In the first half, the play focuses on stripping away all the frivolity from modern theatre and reducing acting to its most fundamental roots. It takes us back to the tradition of the Greek tragedians and reminds us that in ancient times theatre did not need special effects or any of the paraphernalia that surrounds modern performance in film and theatre. It is the spirit of the rawest forms of drama that this performance embodies. By drawing attention to the importance of acting that truly embodies and ‘feels’ what it is portraying, we can then truly appreciate the raw energy of the performance as it progresses.
The performance does not play by any rulebook, therefore defining it seems superfluous. It breaks down the fourth wall to the extent that Antony (the teacher) borrows the shoes of the audience to create a circle on stage. This circle is then used to represent everything from a kitchen table to Nigeria. The simplicity of this design makes the power of the play incredibly poignant and mesmerising.
During the performance (or masterclass) the lead female actress ‘Promise’ introduces herself as the lead participant in the class. Through Antony’s acting exercises we learn more and more of the character’s history, which centres ingeniously around the West’s history with Nigeria, regarding the exploitation by the oil companies of the West, such as Shell. Promise is from Nigeria and expresses remembrances of her life as a small child and the memories of her mother, recreating them for the teacher in the class, so that we can see them too. Antony similarly shares his remembrances of Nigeria, revelling in the local culture and his condescending appreciation of the women. In an intensely thought provoking way the play turns the mirror on the truth of this situation from the white privileged version that we in this country are all too attuned to. We are truly taught a lesson in understanding and empathy, and made to see our own condescension and superiority, as difficult as it is to accept, especially from the ‘liberal’ standpoint that Antony represents.

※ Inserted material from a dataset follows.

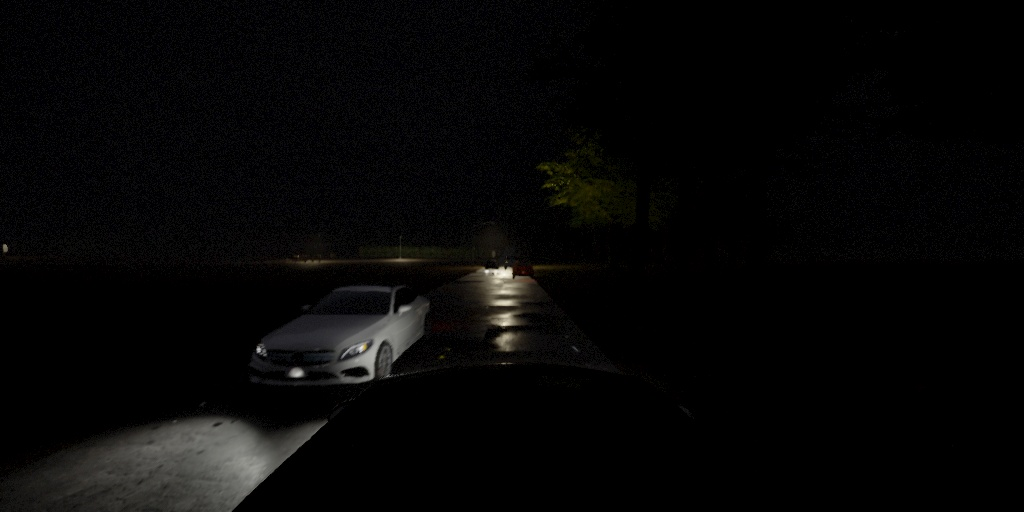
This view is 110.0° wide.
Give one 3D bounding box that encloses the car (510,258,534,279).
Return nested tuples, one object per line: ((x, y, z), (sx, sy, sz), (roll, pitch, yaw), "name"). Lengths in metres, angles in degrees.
((0.960, 1.220, 32.654), (1.882, 1.535, 5.008), (0, 0, 0), "car")

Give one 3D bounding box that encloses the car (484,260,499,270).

As we are shown the flipside of this man’s journey to Nigeria from the perspective of Promise, we learn that the women that Antony had watched dancing were forced to be there by their poverty, and that Antony’s ‘appreciation’ of them is nothing more than exploitation, just as the oil companies had exploited their country.
The play does seem somewhat like a Greek tragedy, with the Hamartia of Antony and a real climax at the end leading to catharsis for the audience, who see a man brought low by those he inflicted suffering on. How To Act is a cutting-edge post-modern performance that will have you transfixed to the stage.